I would like to speed up the following code related to spherical modes. It is a simplification of my actual code (I didn't want to oversimplify it because it can lead to solutions that are not valid for my actual problem):

import numpy as np
import time
import math

def function_call(npp,nmax):
    matrix_a = np.random.rand(npp)
    matrix_b = np.random.rand(npp)
    a=np.random.rand()
    F = np.zeros((2*npp, 2*nmax*(nmax+2)),dtype=np.complex_) 
    npa=np.arange(npp)
    for n in range(1,nmax+1,1):
        a_n = np.sqrt(1 / (2 * np.pi * n * (n + 1)))
        for m in range(-n,n+1,1):        
            b_m = (-1)**((np.abs(m) + m) / 2)
            p_mn = int(1 / 2 * (np.abs(m) + n + 1 / 2 * (1 - (-1)**(np.abs(m) + n))))
            alpha_mn = np.sqrt(((2 * n + 1) / 2) * math.factorial(n - np.abs(m)) / math.factorial(n + np.abs(m)))
            A_mn = np.zeros(npp)
            B_mn = np.zeros(npp)
            for p in range(p_mn,n+1,1):
                Cai_pmn = math.factorial(n) * ((-1)**(n + p)) / (math.factorial(p) * math.factorial(n - p)) * math.factorial(2 * p)/math.factorial(2 * p - np.abs(m) - n)
                A_mn = A_mn + Cai_pmn * (np.cos(matrix_a))**(2 * p - np.abs(m) - n)
                B_mn = B_mn + (2 * p - np.abs(m) - n) * Cai_pmn * (np.cos(matrix_a))**(np.abs(2 * p - np.abs(m) - n - 1))
            A_mn = A_mn / (2**n * math.factorial(n))
            B_mn = B_mn / (2**n * math.factorial(n))
            S_mn = alpha_mn * m * A_mn * np.sin(matrix_a)**np.abs(np.abs(m) - 1)
            D_mn = alpha_mn * (np.abs(m) * A_mn * np.cos(matrix_a) * (np.sin(matrix_a))**(np.abs(np.abs(m) - 1)) - B_mn * (np.sin(matrix_a))**(np.abs(m) + 1))
            h1 = 1j**(n+1)*np.exp(-1j*a)/(a)
            h2 = 1j**(n)*np.exp(-1j*a)/(a)
            F_s1_theta = 1j * a_n * b_m * h1 * (S_mn * np.exp(1j * m * matrix_b))
            F_s1_phi =       -a_n * b_m * h1 * (D_mn * np.exp(1j * m * matrix_b))
            F_s2_theta =      a_n * b_m * h2 * (D_mn * np.exp(1j * m * matrix_b))
            F_s2_phi =   1j * a_n * b_m * h2 * (S_mn * np.exp(1j * m * matrix_b))
            j = 2 * (n * (n + 1) + m - 1)
            F[2 * npa, j] = F_s1_theta[npa]
            F[2 * npa+1  , j] = F_s1_phi[npa]
            j = 2 * (n * (n + 1) + m - 1) + 1
            F[2 * npa, j] = F_s2_theta[npa]
            F[2 * npa+1, j] = F_s2_phi[npa]               
prev_time_ep =time.time()
npp=500
nmax=80 
function_call(npp,nmax)           
print("       --- %s seconds ---" % (time.time() - prev_time_ep))

The first option that I have tried is to vectorize it (it took me some time because it is not obvious).
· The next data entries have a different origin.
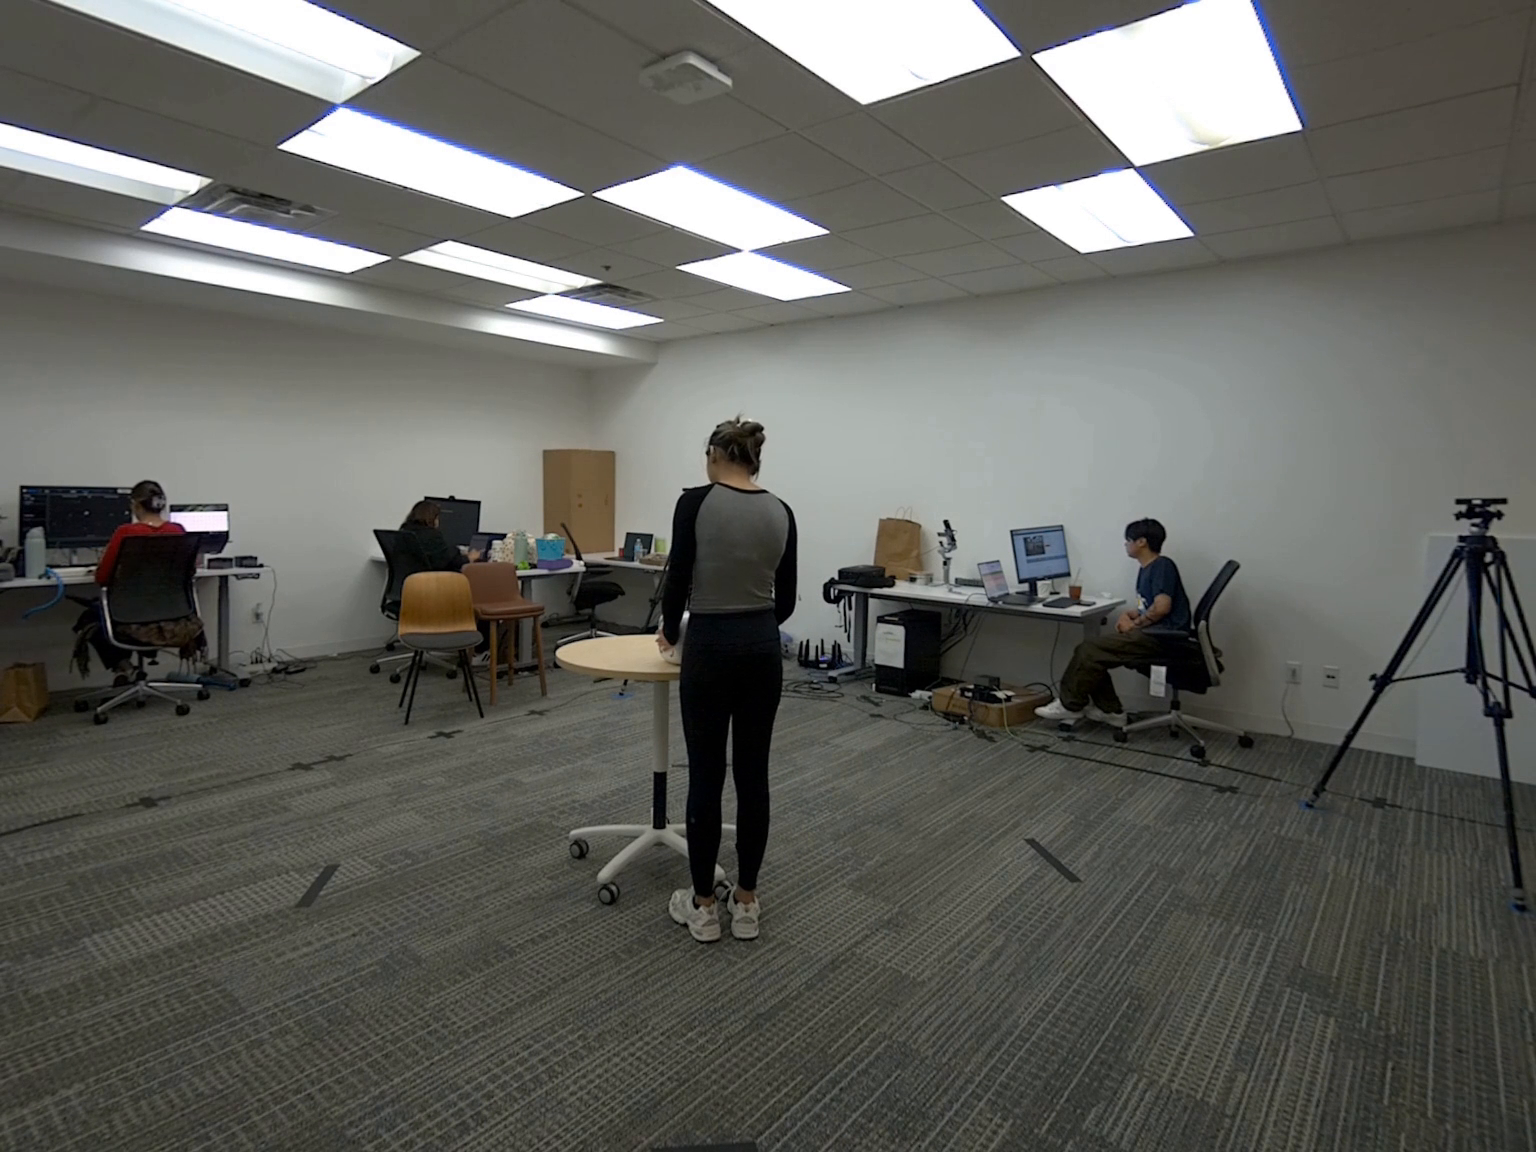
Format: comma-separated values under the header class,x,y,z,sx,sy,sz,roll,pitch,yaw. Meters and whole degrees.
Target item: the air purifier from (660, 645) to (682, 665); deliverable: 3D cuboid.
class,x,y,z,sx,sy,sz,roll,pitch,yaw
air purifier,-0.244,0.203,2.936,0.258,0.171,0.176,-2,6,-30
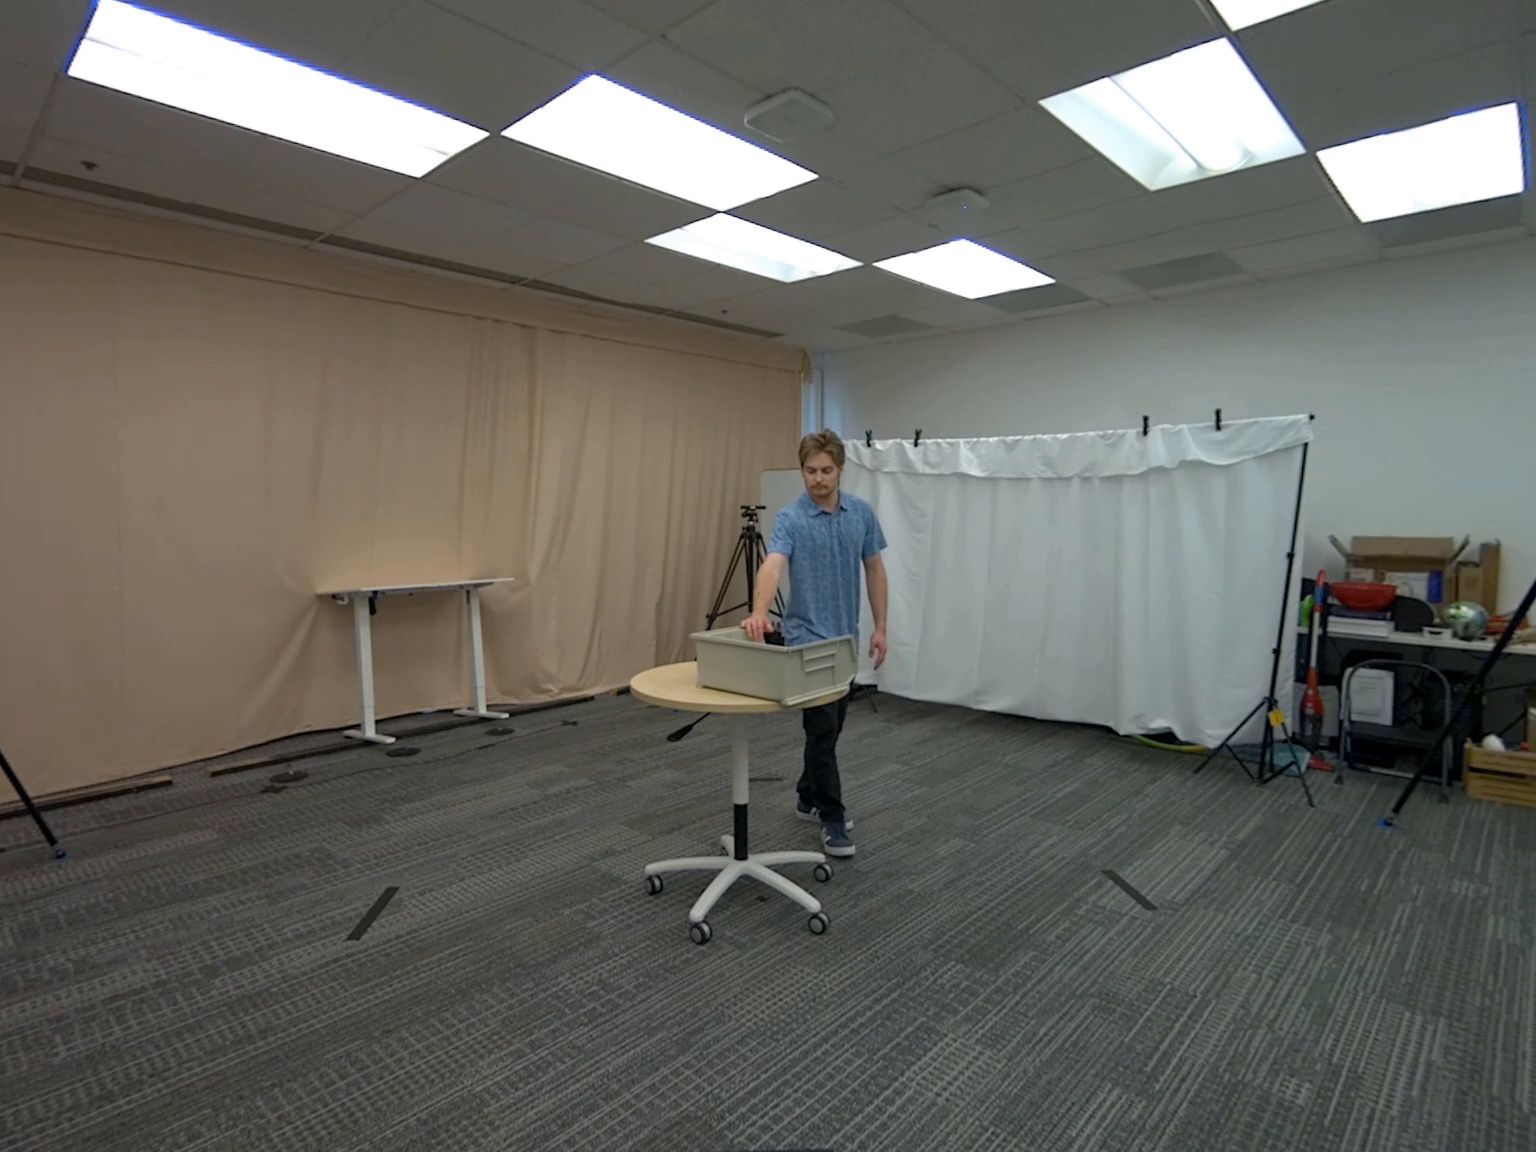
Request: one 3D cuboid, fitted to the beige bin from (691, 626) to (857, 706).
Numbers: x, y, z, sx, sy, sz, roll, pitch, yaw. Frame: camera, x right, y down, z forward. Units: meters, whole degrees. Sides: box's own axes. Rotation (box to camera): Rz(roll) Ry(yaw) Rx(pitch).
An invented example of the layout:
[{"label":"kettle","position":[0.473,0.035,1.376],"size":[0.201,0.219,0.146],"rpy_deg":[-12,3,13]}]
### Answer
[{"label":"beige bin","position":[0.022,0.286,2.816],"size":[0.436,0.188,0.366],"rpy_deg":[5,8,43]}]

However, memory consumption grows rapidly and it is not efficient.

I have also tried with Numba and I actually succeed to reduce by 4 the previous time, but I was looking for larger improvements if it is possible.

I have read also that maybe multiprocessing or Cython could be good options. Maybe there is a way of vectorizing it without growing rapidly in memory usage?

There are a lot of optimization possibilities. 1) You are calculating the very same results multiple times eg. `np.cos(matrix_a)` and some others. In Numba you have to implement factorial yourself https://stackoverflow.com/a/53320252/4045774 You also have some vectorized commands, which are hard to optimize for Numba or Cython. Have you also written a simple solution (only loops no vectorized commands)? This would be the easiest thing to start the optimization and Numba/Cython implementation. — max9111, Dec 30 '20 at 12:35

score 1 · Answer 1 · answered Dec 29 '20 at 20:48

I've worked a little bit on your code, here the benchmark. the bottleneck is in the factorial computation.

    ================== PerfTool ==================
task                     |aver(s) |sum(s)  |count   |std     
main loop                |   0.134|  10.712|      80|   0.101
  +-second loop          |   0.134|  10.712|      80|   0.101
    +-A                  |   0.000|   0.245|    6560|   0.000
    +-B                  |   0.001|   5.648|    6560|   0.001
    +-C                  |   0.000|   0.541|    6560|   0.000
    +-D                  |   0.000|   1.505|    6560|   0.000
    +-E                  |   0.000|   1.769|    6560|   0.000
    +-F                  |   0.000|   0.867|    6560|   0.000
mx creation              |   0.000|   0.000|       1|   0.000
preparation              |   0.000|   0.000|       1|   0.000

overall                  |    0.03|   10.71|   39522|-

The B and C sentinel are:

      with PerfTool('B'):
                for p in range(p_mn,n+1,1):
                    Cai_pmn = math.factorial(n) * ((-1)**(n + p)) / (math.factorial(p) * math.factorial(n - p)) * math.factorial(2 * p)/math.factorial(2 * p - np.abs(m) - n)
                    A_mn = A_mn + Cai_pmn * (np.cos(matrix_a))**(2 * p - np.abs(m) - n)
                    B_mn = B_mn + (2 * p - np.abs(m) - n) * Cai_pmn * (np.cos(matrix_a))**(np.abs(2 * p - np.abs(m) - n - 1))

      with PerfTool('C'):
                A_mn = A_mn / (2**n * math.factorial(n))
                B_mn = B_mn / (2**n * math.factorial(n))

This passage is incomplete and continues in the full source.